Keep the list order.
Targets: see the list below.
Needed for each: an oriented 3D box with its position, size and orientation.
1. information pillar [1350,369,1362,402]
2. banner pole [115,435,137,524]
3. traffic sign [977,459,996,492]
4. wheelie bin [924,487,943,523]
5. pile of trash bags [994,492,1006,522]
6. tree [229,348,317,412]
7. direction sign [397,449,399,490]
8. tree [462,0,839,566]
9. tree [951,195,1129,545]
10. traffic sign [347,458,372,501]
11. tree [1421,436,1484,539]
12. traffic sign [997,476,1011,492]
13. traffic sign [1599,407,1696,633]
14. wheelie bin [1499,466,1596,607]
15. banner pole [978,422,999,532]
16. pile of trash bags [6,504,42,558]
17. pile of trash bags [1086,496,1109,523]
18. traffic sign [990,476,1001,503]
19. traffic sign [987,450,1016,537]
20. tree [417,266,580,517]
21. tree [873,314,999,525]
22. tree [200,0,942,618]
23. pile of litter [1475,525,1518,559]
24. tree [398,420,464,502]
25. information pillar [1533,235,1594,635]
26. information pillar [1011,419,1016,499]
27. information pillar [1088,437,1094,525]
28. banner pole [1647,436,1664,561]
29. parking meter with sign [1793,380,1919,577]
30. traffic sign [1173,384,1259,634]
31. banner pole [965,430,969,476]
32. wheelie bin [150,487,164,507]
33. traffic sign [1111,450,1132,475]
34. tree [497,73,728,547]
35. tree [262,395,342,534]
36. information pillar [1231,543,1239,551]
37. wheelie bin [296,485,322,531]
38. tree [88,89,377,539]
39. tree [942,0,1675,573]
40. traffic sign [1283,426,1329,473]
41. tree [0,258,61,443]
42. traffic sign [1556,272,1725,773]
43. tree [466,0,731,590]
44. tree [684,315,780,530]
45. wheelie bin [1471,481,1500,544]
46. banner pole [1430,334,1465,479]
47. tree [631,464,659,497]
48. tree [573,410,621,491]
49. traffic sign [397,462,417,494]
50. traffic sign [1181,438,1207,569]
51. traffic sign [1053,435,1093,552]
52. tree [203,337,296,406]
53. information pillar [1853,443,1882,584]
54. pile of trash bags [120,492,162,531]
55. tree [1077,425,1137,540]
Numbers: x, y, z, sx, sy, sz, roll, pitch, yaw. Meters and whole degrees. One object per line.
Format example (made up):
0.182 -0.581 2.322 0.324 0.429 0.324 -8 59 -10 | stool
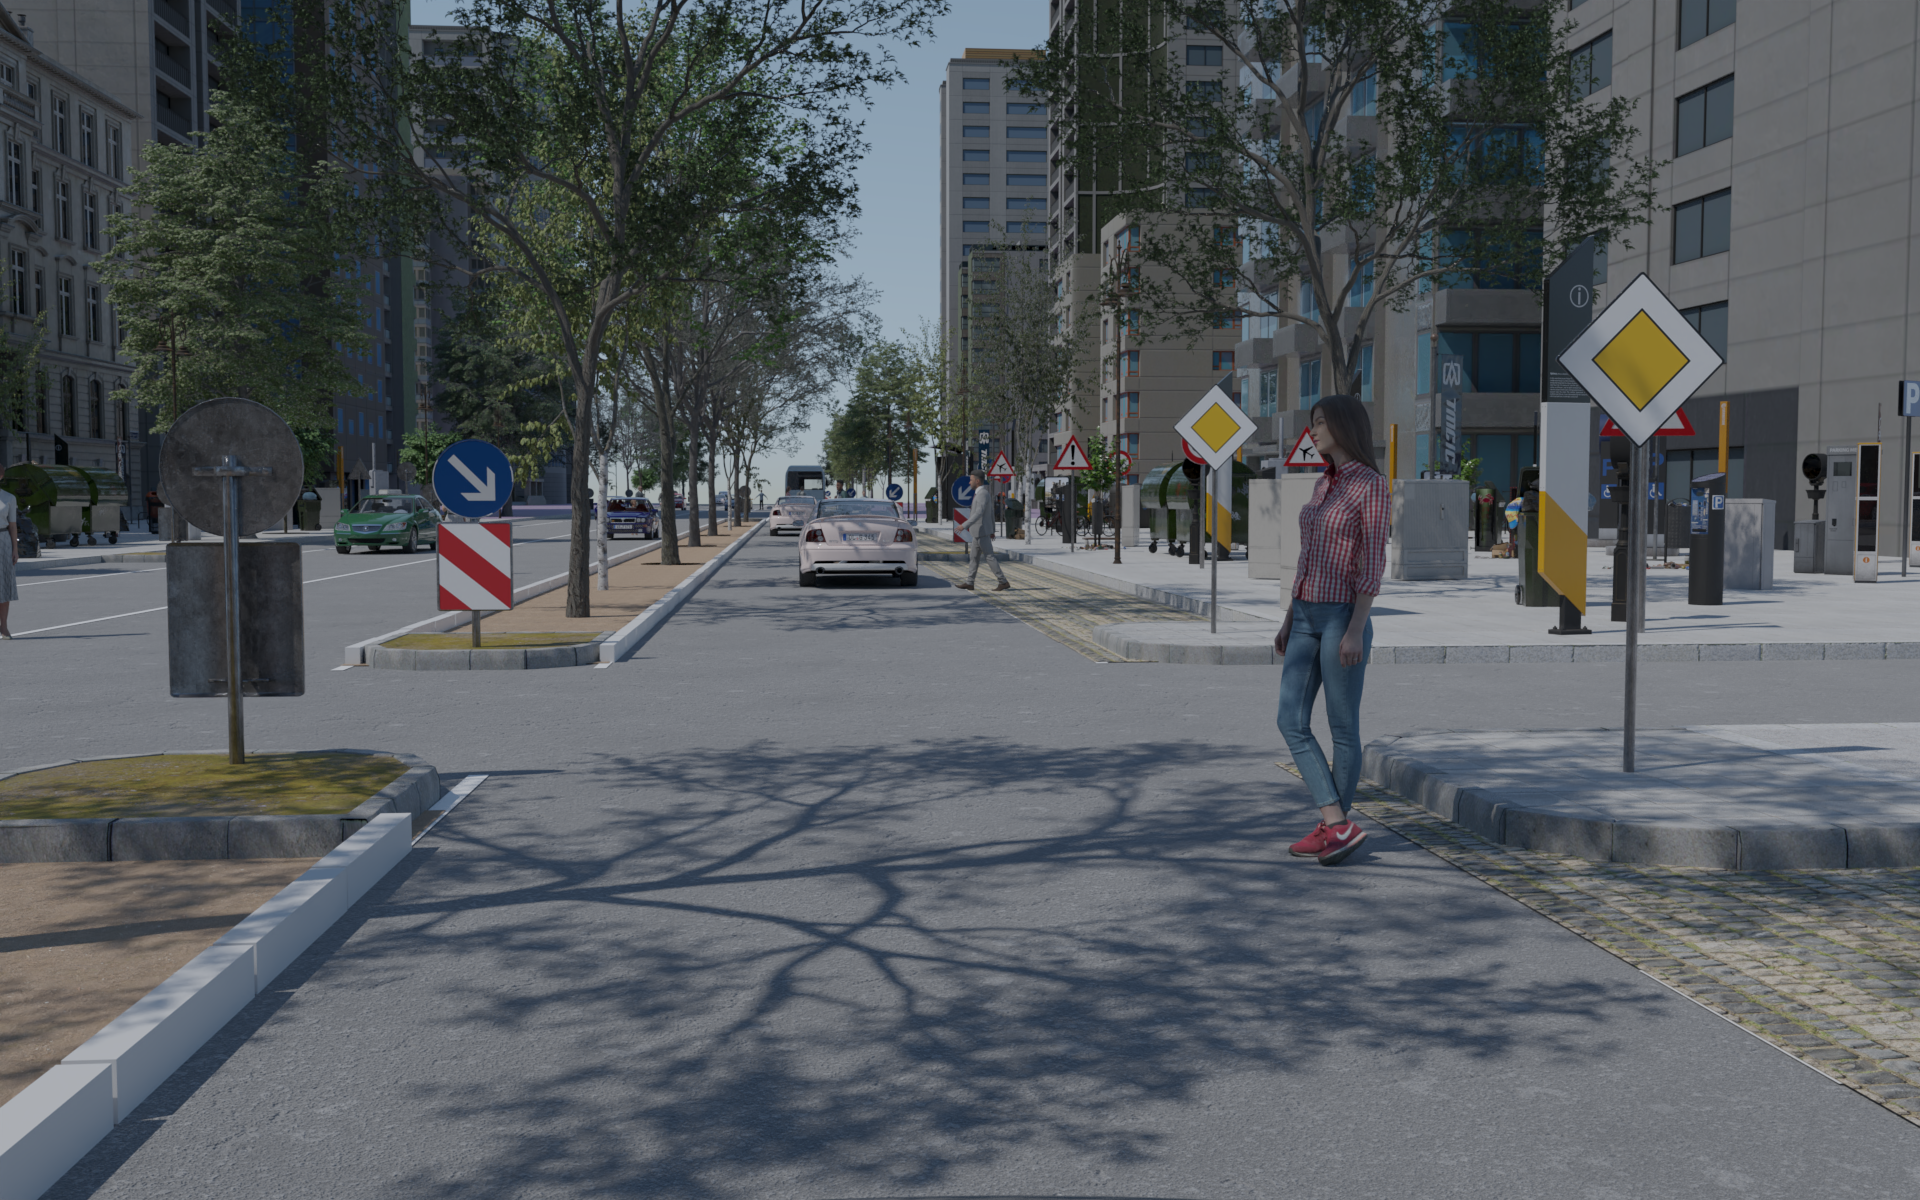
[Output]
7.350 -2.513 32.435 0.183 3.616 0.504 3 5 44 | information pillar
-35.438 -5.107 73.516 0.401 3.779 0.863 2 4 35 | banner pole
0.984 -3.689 60.426 0.768 2.556 0.104 0 4 -2 | traffic sign
-1.143 -4.175 76.166 0.693 1.594 0.980 -2 4 -29 | wheelie bin
2.079 -4.308 80.182 1.912 1.369 3.447 0 4 -7 | pile of trash bags
-33.912 -8.236 85.019 4.737 8.622 4.395 0 3 0 | tree
-28.376 -5.838 87.447 0.379 3.537 0.876 -1 4 -16 | direction sign
-5.949 -6.507 34.609 9.928 11.665 9.643 0 3 0 | tree
1.933 -5.714 43.790 4.360 8.622 3.978 0 3 0 | tree
-21.465 -3.786 61.909 0.884 2.594 0.081 0 4 3 | traffic sign
14.271 -3.370 49.704 1.663 3.219 1.824 0 3 0 | tree
2.083 -5.080 83.162 0.768 2.556 0.104 0 4 -1 | traffic sign
6.291 -0.973 15.919 0.884 2.594 0.081 0 4 -1 | traffic sign
6.763 -0.728 19.804 0.980 1.594 0.693 1 4 9 | wheelie bin
0.949 -4.212 58.876 0.863 3.779 0.401 3 4 37 | banner pole
-20.245 -1.515 34.517 3.447 1.369 1.912 -2 4 -26 | pile of trash bags
6.844 -4.096 76.722 3.447 1.369 1.912 -1 4 -21 | pile of trash bags
1.195 -4.052 66.255 0.884 2.594 0.081 0 4 -4 | traffic sign
1.238 -3.154 51.576 0.884 2.594 0.081 0 4 3 | traffic sign
-25.772 -11.709 98.101 9.857 13.997 8.962 0 3 0 | tree
-0.702 -7.375 70.940 4.737 8.622 4.395 0 3 0 | tree
-4.408 -5.045 19.359 8.767 10.594 7.601 0 4 -5 | tree
11.140 -1.264 34.635 1.719 0.858 1.176 1 4 16 | pile of litter
-23.402 -5.705 76.998 4.285 4.588 4.351 0 3 0 | tree
5.508 -1.491 15.726 0.504 3.616 0.183 -1 4 -18 | information pillar
1.640 -3.751 52.680 0.183 3.616 0.504 1 4 11 | information pillar
5.413 -4.912 71.669 0.183 3.616 0.504 2 4 31 | information pillar
13.220 -2.638 33.143 0.863 3.779 0.401 -3 4 -39 | banner pole
14.129 -1.904 27.384 0.543 3.016 1.738 -2 4 -35 | parking meter with sign
2.332 -0.749 15.883 0.795 2.450 0.064 0 4 -5 | traffic sign
0.244 -4.764 67.904 0.401 3.779 0.863 -1 4 -12 | banner pole
-35.291 -4.179 76.236 0.980 1.594 0.693 -2 4 -35 | wheelie bin
4.604 -3.064 50.210 0.768 2.556 0.104 0 4 1 | traffic sign
-7.230 -8.182 46.602 12.009 13.543 11.850 0 3 0 | tree
-21.733 -4.409 55.795 4.285 4.588 4.351 0 3 0 | tree
6.164 -2.131 39.328 0.304 2.012 0.304 2 4 25 | information pillar
-24.421 -3.472 64.671 0.980 1.594 0.693 -3 5 -43 | wheelie bin
-20.276 -7.988 48.735 7.486 12.596 7.792 0 3 0 | tree
4.950 -5.351 21.903 8.767 10.594 7.601 -1 4 -14 | tree
6.633 -2.033 33.237 0.884 2.594 0.081 0 3 0 | traffic sign
-29.903 -6.262 52.752 4.737 8.622 4.395 0 3 0 | tree
3.084 -0.262 7.933 0.795 2.450 0.064 0 4 -5 | traffic sign
-5.347 -4.452 25.615 4.737 8.622 4.395 0 3 0 | tree
-8.957 -6.999 67.257 4.360 8.622 3.978 0 3 0 | tree
12.590 -2.044 41.328 0.693 1.594 0.980 2 4 31 | wheelie bin
7.605 -2.278 27.258 0.863 3.779 0.401 -2 4 -30 | banner pole
-34.022 -12.411 186.634 4.285 4.588 4.351 0 3 0 | tree
-30.038 -11.863 144.319 4.360 8.622 3.978 0 3 0 | tree
-21.889 -4.185 68.525 0.768 2.556 0.104 0 4 -5 | traffic sign
4.165 -1.811 29.724 0.768 2.556 0.104 0 4 -2 | traffic sign
2.474 -2.324 37.999 0.884 2.594 0.081 0 4 1 | traffic sign
-31.076 -7.673 75.823 4.360 8.622 3.978 0 3 0 | tree
13.063 -1.251 24.942 0.304 2.012 0.304 2 4 24 | information pillar
-29.333 -3.066 59.877 3.447 1.369 1.912 -3 5 -41 | pile of trash bags
3.874 -3.319 48.869 1.663 3.219 1.824 0 3 0 | tree
==================================================
### WHAT TO DO
If any image appears in the entries, omit it and return the rest verbatim.

### RESULT OF THE TASK
Keep the list order.
Targets: see the list below.
Needed for each: an oriented 3D box with its position, size and orientation.
1. information pillar [1350,369,1362,402]
2. banner pole [115,435,137,524]
3. traffic sign [977,459,996,492]
4. wheelie bin [924,487,943,523]
5. pile of trash bags [994,492,1006,522]
6. tree [229,348,317,412]
7. direction sign [397,449,399,490]
8. tree [462,0,839,566]
9. tree [951,195,1129,545]
10. traffic sign [347,458,372,501]
11. tree [1421,436,1484,539]
12. traffic sign [997,476,1011,492]
13. traffic sign [1599,407,1696,633]
14. wheelie bin [1499,466,1596,607]
15. banner pole [978,422,999,532]
16. pile of trash bags [6,504,42,558]
17. pile of trash bags [1086,496,1109,523]
18. traffic sign [990,476,1001,503]
19. traffic sign [987,450,1016,537]
20. tree [417,266,580,517]
21. tree [873,314,999,525]
22. tree [200,0,942,618]
23. pile of litter [1475,525,1518,559]
24. tree [398,420,464,502]
25. information pillar [1533,235,1594,635]
26. information pillar [1011,419,1016,499]
27. information pillar [1088,437,1094,525]
28. banner pole [1647,436,1664,561]
29. parking meter with sign [1793,380,1919,577]
30. traffic sign [1173,384,1259,634]
31. banner pole [965,430,969,476]
32. wheelie bin [150,487,164,507]
33. traffic sign [1111,450,1132,475]
34. tree [497,73,728,547]
35. tree [262,395,342,534]
36. information pillar [1231,543,1239,551]
37. wheelie bin [296,485,322,531]
38. tree [88,89,377,539]
39. tree [942,0,1675,573]
40. traffic sign [1283,426,1329,473]
41. tree [0,258,61,443]
42. traffic sign [1556,272,1725,773]
43. tree [466,0,731,590]
44. tree [684,315,780,530]
45. wheelie bin [1471,481,1500,544]
46. banner pole [1430,334,1465,479]
47. tree [631,464,659,497]
48. tree [573,410,621,491]
49. traffic sign [397,462,417,494]
50. traffic sign [1181,438,1207,569]
51. traffic sign [1053,435,1093,552]
52. tree [203,337,296,406]
53. information pillar [1853,443,1882,584]
54. pile of trash bags [120,492,162,531]
55. tree [1077,425,1137,540]
Numbers: x, y, z, sx, sy, sz, roll, pitch, yaw. Meters and whole degrees. One object per line.
Format example (made up):
0.182 -0.581 2.322 0.324 0.429 0.324 -8 59 -10 | stool
[Output]
7.350 -2.513 32.435 0.183 3.616 0.504 3 5 44 | information pillar
-35.438 -5.107 73.516 0.401 3.779 0.863 2 4 35 | banner pole
0.984 -3.689 60.426 0.768 2.556 0.104 0 4 -2 | traffic sign
-1.143 -4.175 76.166 0.693 1.594 0.980 -2 4 -29 | wheelie bin
2.079 -4.308 80.182 1.912 1.369 3.447 0 4 -7 | pile of trash bags
-33.912 -8.236 85.019 4.737 8.622 4.395 0 3 0 | tree
-28.376 -5.838 87.447 0.379 3.537 0.876 -1 4 -16 | direction sign
-5.949 -6.507 34.609 9.928 11.665 9.643 0 3 0 | tree
1.933 -5.714 43.790 4.360 8.622 3.978 0 3 0 | tree
-21.465 -3.786 61.909 0.884 2.594 0.081 0 4 3 | traffic sign
14.271 -3.370 49.704 1.663 3.219 1.824 0 3 0 | tree
2.083 -5.080 83.162 0.768 2.556 0.104 0 4 -1 | traffic sign
6.291 -0.973 15.919 0.884 2.594 0.081 0 4 -1 | traffic sign
6.763 -0.728 19.804 0.980 1.594 0.693 1 4 9 | wheelie bin
0.949 -4.212 58.876 0.863 3.779 0.401 3 4 37 | banner pole
-20.245 -1.515 34.517 3.447 1.369 1.912 -2 4 -26 | pile of trash bags
6.844 -4.096 76.722 3.447 1.369 1.912 -1 4 -21 | pile of trash bags
1.195 -4.052 66.255 0.884 2.594 0.081 0 4 -4 | traffic sign
1.238 -3.154 51.576 0.884 2.594 0.081 0 4 3 | traffic sign
-25.772 -11.709 98.101 9.857 13.997 8.962 0 3 0 | tree
-0.702 -7.375 70.940 4.737 8.622 4.395 0 3 0 | tree
-4.408 -5.045 19.359 8.767 10.594 7.601 0 4 -5 | tree
11.140 -1.264 34.635 1.719 0.858 1.176 1 4 16 | pile of litter
-23.402 -5.705 76.998 4.285 4.588 4.351 0 3 0 | tree
5.508 -1.491 15.726 0.504 3.616 0.183 -1 4 -18 | information pillar
1.640 -3.751 52.680 0.183 3.616 0.504 1 4 11 | information pillar
5.413 -4.912 71.669 0.183 3.616 0.504 2 4 31 | information pillar
13.220 -2.638 33.143 0.863 3.779 0.401 -3 4 -39 | banner pole
14.129 -1.904 27.384 0.543 3.016 1.738 -2 4 -35 | parking meter with sign
2.332 -0.749 15.883 0.795 2.450 0.064 0 4 -5 | traffic sign
0.244 -4.764 67.904 0.401 3.779 0.863 -1 4 -12 | banner pole
-35.291 -4.179 76.236 0.980 1.594 0.693 -2 4 -35 | wheelie bin
4.604 -3.064 50.210 0.768 2.556 0.104 0 4 1 | traffic sign
-7.230 -8.182 46.602 12.009 13.543 11.850 0 3 0 | tree
-21.733 -4.409 55.795 4.285 4.588 4.351 0 3 0 | tree
6.164 -2.131 39.328 0.304 2.012 0.304 2 4 25 | information pillar
-24.421 -3.472 64.671 0.980 1.594 0.693 -3 5 -43 | wheelie bin
-20.276 -7.988 48.735 7.486 12.596 7.792 0 3 0 | tree
4.950 -5.351 21.903 8.767 10.594 7.601 -1 4 -14 | tree
6.633 -2.033 33.237 0.884 2.594 0.081 0 3 0 | traffic sign
-29.903 -6.262 52.752 4.737 8.622 4.395 0 3 0 | tree
3.084 -0.262 7.933 0.795 2.450 0.064 0 4 -5 | traffic sign
-5.347 -4.452 25.615 4.737 8.622 4.395 0 3 0 | tree
-8.957 -6.999 67.257 4.360 8.622 3.978 0 3 0 | tree
12.590 -2.044 41.328 0.693 1.594 0.980 2 4 31 | wheelie bin
7.605 -2.278 27.258 0.863 3.779 0.401 -2 4 -30 | banner pole
-34.022 -12.411 186.634 4.285 4.588 4.351 0 3 0 | tree
-30.038 -11.863 144.319 4.360 8.622 3.978 0 3 0 | tree
-21.889 -4.185 68.525 0.768 2.556 0.104 0 4 -5 | traffic sign
4.165 -1.811 29.724 0.768 2.556 0.104 0 4 -2 | traffic sign
2.474 -2.324 37.999 0.884 2.594 0.081 0 4 1 | traffic sign
-31.076 -7.673 75.823 4.360 8.622 3.978 0 3 0 | tree
13.063 -1.251 24.942 0.304 2.012 0.304 2 4 24 | information pillar
-29.333 -3.066 59.877 3.447 1.369 1.912 -3 5 -41 | pile of trash bags
3.874 -3.319 48.869 1.663 3.219 1.824 0 3 0 | tree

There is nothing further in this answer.